Collection of 15 mL of peripheral blood was performed for serum measurements of hematimetric and hemolytic indices such as Hb, hematocrit (HcT), reticulocytes, leukocytes, platelets, lactate dehydrogenase (LDH), and indirect bilirubin (IB) and lipid prolife, such as total cholesterol (TC), HDL cholesterol (HDL-c: high-density lipoprotein), TGs, and low-density lipoprotein-cholesterol (LDL-c: low-density lipoprotein). LDL-c was calculated using the Friedwald formula, according to the calculation LDL-c = CT – (HDL-c + TG/5), if TG < 400 mg/dL. Lipidic levels were measured according to the V Brazilian Guideline on Dyslipidemia and Prevention of Atherosclerosis.¹² As for TG levels over HDL-c levels, a value >3.8 was considered high risk.¹³

We used standard automated methods for the clinical analysis of hematological and biochemical tests, with tests performed at the Clinical Analysis Laboratory of the Federal University of Sergipe's Hospital.

Statistical Analysis

The collected data were charted in an Excel spreadsheet and the statistical analysis was performed using the R program, version 4.0.4. Descriptive analysis was used to characterize the distribution of the studied groups. Categorical variables were described through their absolute and relative frequencies.

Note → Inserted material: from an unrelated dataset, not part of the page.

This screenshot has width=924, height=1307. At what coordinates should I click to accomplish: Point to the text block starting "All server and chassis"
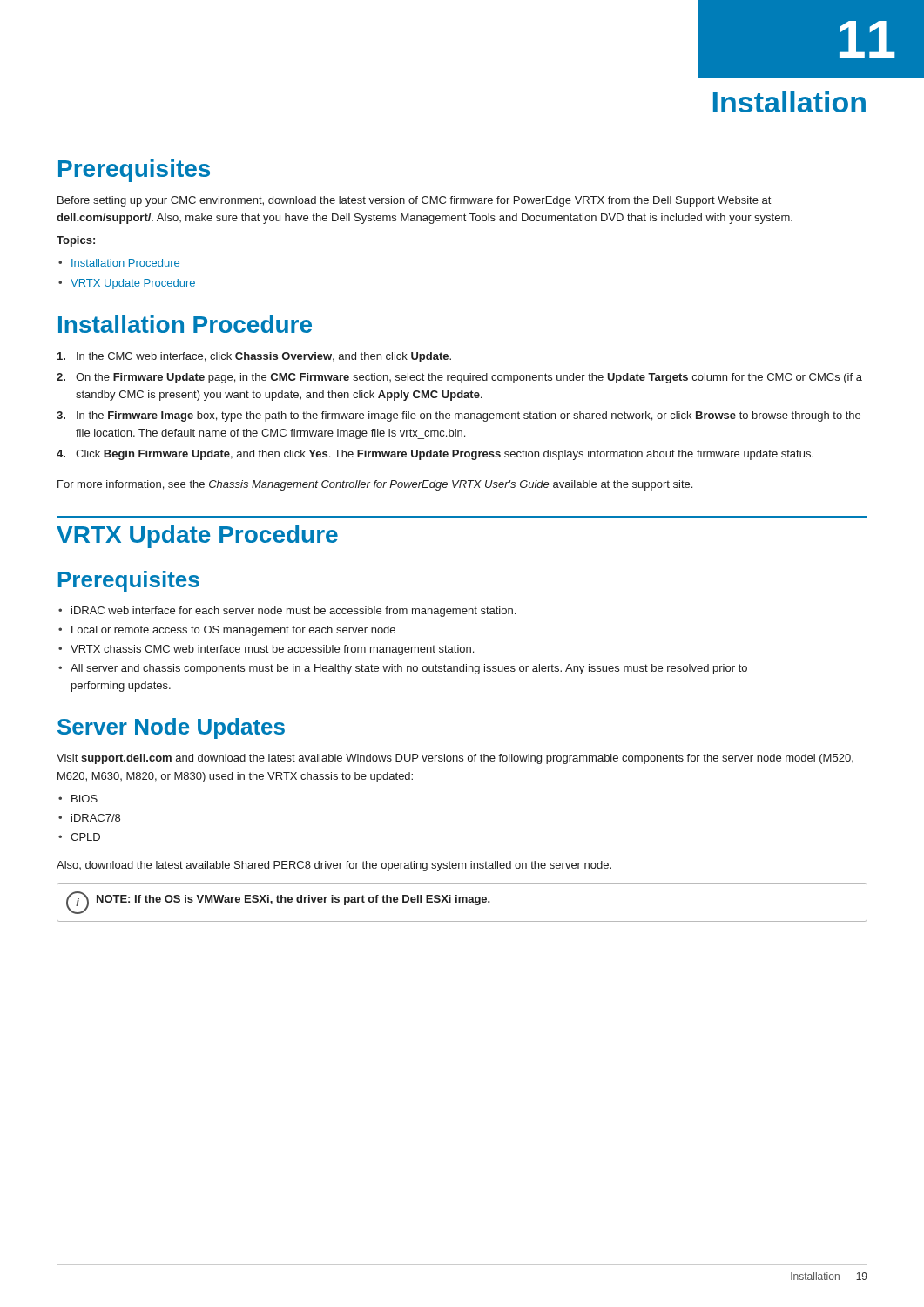click(x=409, y=677)
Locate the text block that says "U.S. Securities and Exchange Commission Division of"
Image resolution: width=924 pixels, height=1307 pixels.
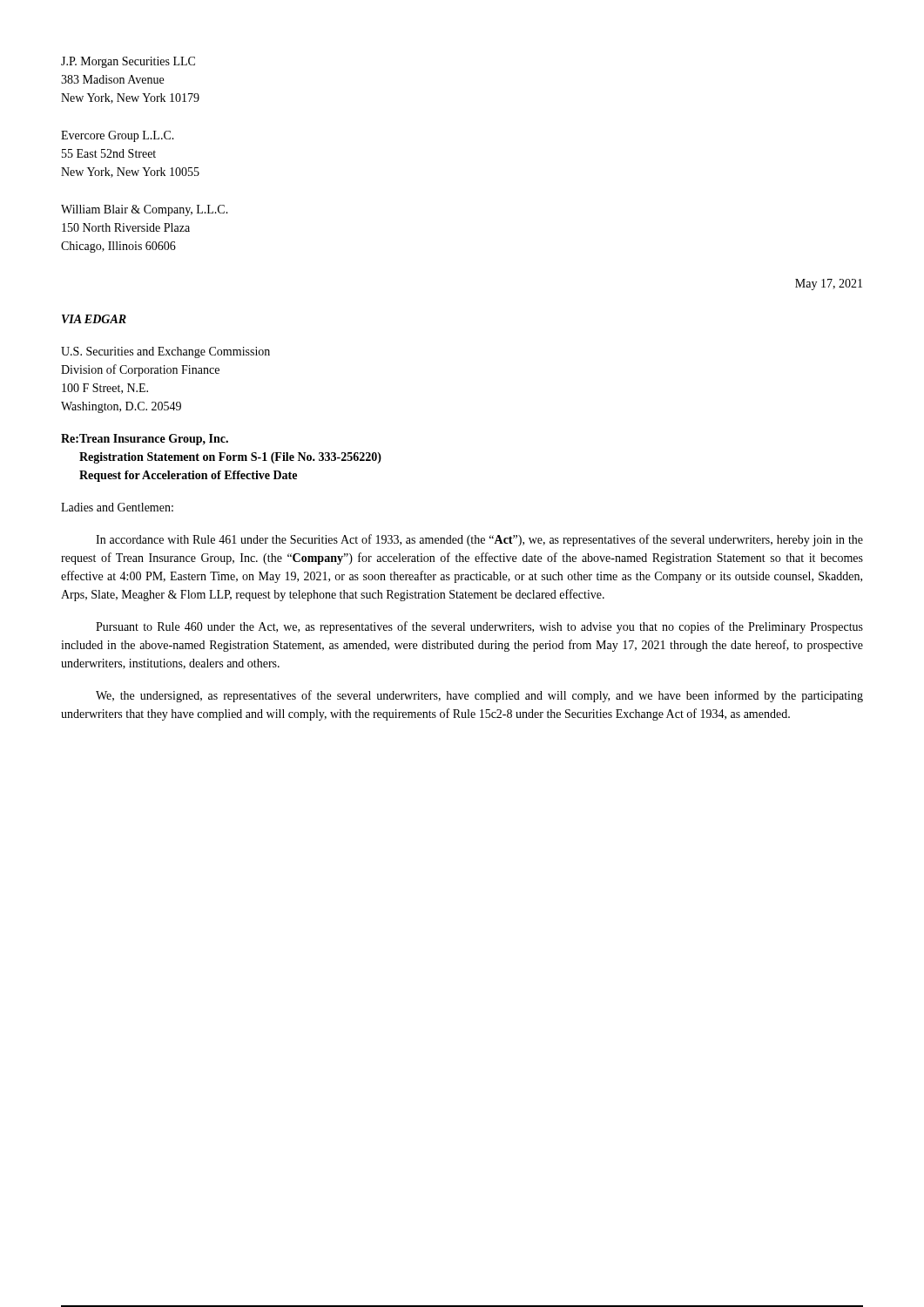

The central limit theory was used as a parameter for characterizing the sample. Student's t-test was used for comparison between groups. Continuous variables were described through their mean and standard deviation. To assess the correlation between continuous variables, Spearman's correlation was used. To verify the correlation between categorical variables, the chi-square test was used. In all analyses, a significance level of 5% (p < .05) was adopted.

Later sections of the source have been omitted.